British critics said it was proGerman. The Messrs. Shubert also made two attempts to break into vaudeville, in 1906 and in 1921, and both were expensive failures. A kind of recurrent stubbornness is a Shubert trait. They retreat, but they come back for more. In the early thirties they tried a show called
A Trip to Pressburg
three times with different stars. It never got further than Pittsburgh, but the Shuberts still own it, and someday it will reappear.

The resilience of Mr. Lee and Mr. J.J. is magnificently illustrated by the tangled affairs of the old Shubert Theatre Corporation, which vanished as a result of receivership proceedings in
1931. The Shuberts might have been spared this financial embarrassment if a prediction made by Mr. Lee in 1910 had come true. In that year he said he did not believe the shares of any theater corporation would ever be listed on the Stock Exchange. Times and the Shuberts' minds changed, and in 1924 the brothers organized the Shubert Theatre Corporation, with 210,000 shares of common stock. This was duly listed on the Exchange, and during the first five years the corporation consistently reported earnings of over one million dollars. In organizing this enterprise, the Shuberts turned over to it many of their theaters but withheld certain valuable properties, which included the Winter Garden, Shubert, Broadhurst, Booth, Plymouth, Cort, and Daly theaters as well as the Sardi Building and considerable other nontheatrical real estate. They explained that they had partners in these holdings who were opposed to entering the corporation. The brothers still own or have long leases on these personally held properties, which never became involved in the ups and downs of the corporation.

In 1933, two years after the receivership, Mr.
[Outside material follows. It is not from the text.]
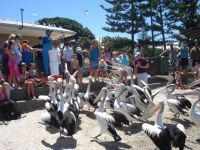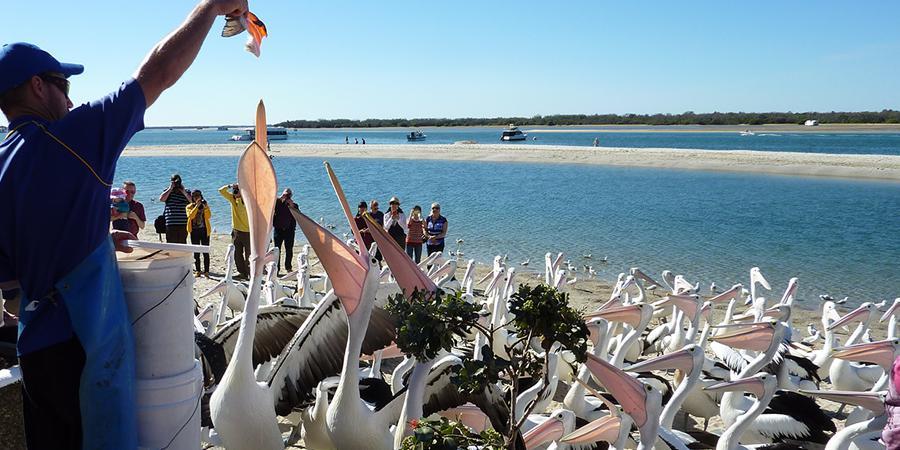The first image is the image on the left, the second image is the image on the right. Considering the images on both sides, is "At least one pelican has its mouth open." valid? Answer yes or no. Yes. The first image is the image on the left, the second image is the image on the right. For the images shown, is this caption "In one of the photos in each pair is a man in a blue shirt surrounded by many pelicans and he is feeding them." true? Answer yes or no. Yes. 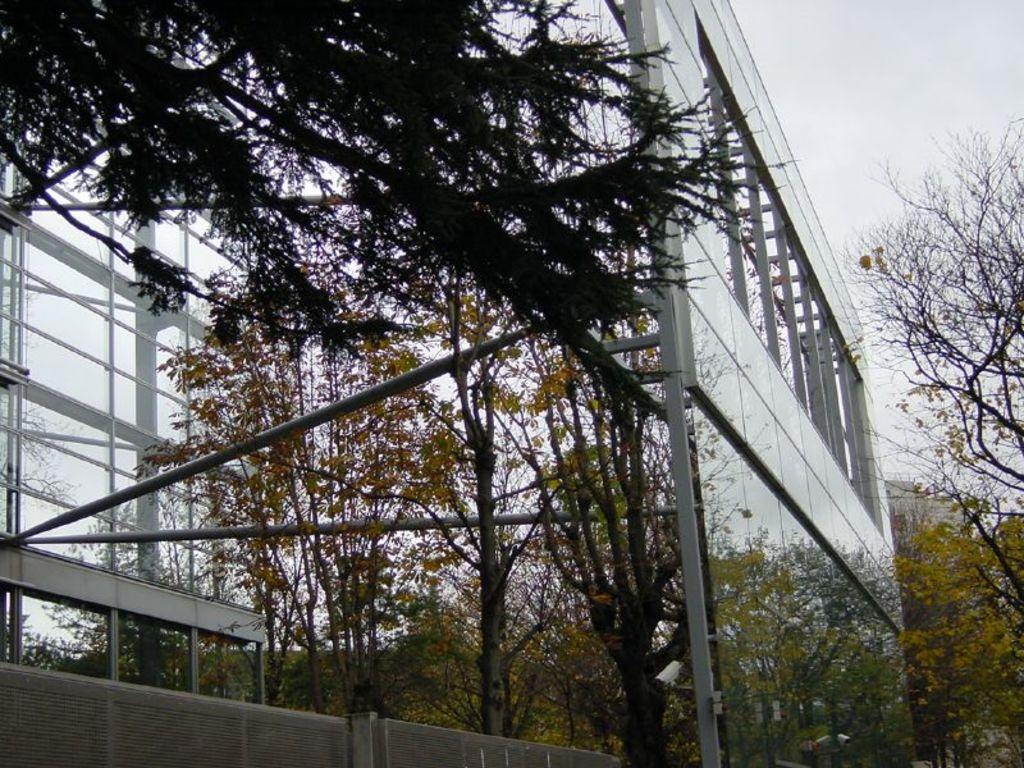What type of wall is present in the image? There is a glass wall with poles in the image. What is attached to the poles? Some objects are attached to the poles. What can be seen in the background of the image? There are trees visible in the image. What type of barrier is present in the image? There is fencing in the image. What is visible at the top of the image? The sky is visible in the image. What type of sock is hanging on the pole in the image? There is no sock present in the image; it features a glass wall with poles and objects attached to them. What type of meal is being prepared on the plate in the image? There is no plate or meal present in the image.

Lee, with his brother as partner, bought in all the assets of the defunct corporation for four hundred thousand dollars, a price which barely covered the costs of the receivership. The creditors were glad to receive even that small amount, however. They had discovered that the leasehold on a theater is practically worthless in the eyes of bankers, who know neither how to produce a play nor how to put such a property to any other profitable use. The Shuberts lumped together all that could be salvaged from the Shubert Theatre Corporation in a new company called the Select Theatres Corporation. They kept fifty per cent of the stock of the new organization for themselves and distributed the rest among those who had held stock in the old corporation. The Select stock never has paid dividends, either to the Shuberts or to anybody else.
Through Select, the brothers maintain their control over a large number of theaters, and this protects their strategic position in the industry. Among the theaters now owned by Select are the Barrymore, Ambassador, Hudson, Maxine Elliott, Fortysixth Street, Golden, Longacre, Imperial, Morosco, and Majestic. Lee is president of Select, and J.J. is general manager. The overhead costs of all Shubert enterprises, including the salaries of Lee and J.J., are charged to Select and the Shubert personal holdings; each Shubert production is a new corporation in which Mr. Lee and Mr. J.J. usually own all the stock. The precise financial status of the Messrs. is one of the thousand and one topics of idle speculation in Broadway taverns. Recently, from Mr. William Klein, who has been their attorney for thirtyseven years, came the nearest thing to an official statement yet heard on the subject. “Neither of the Messrs. Shubert,” he said, rubbing his hands together vigorously, “will ever be buried in potter's field.”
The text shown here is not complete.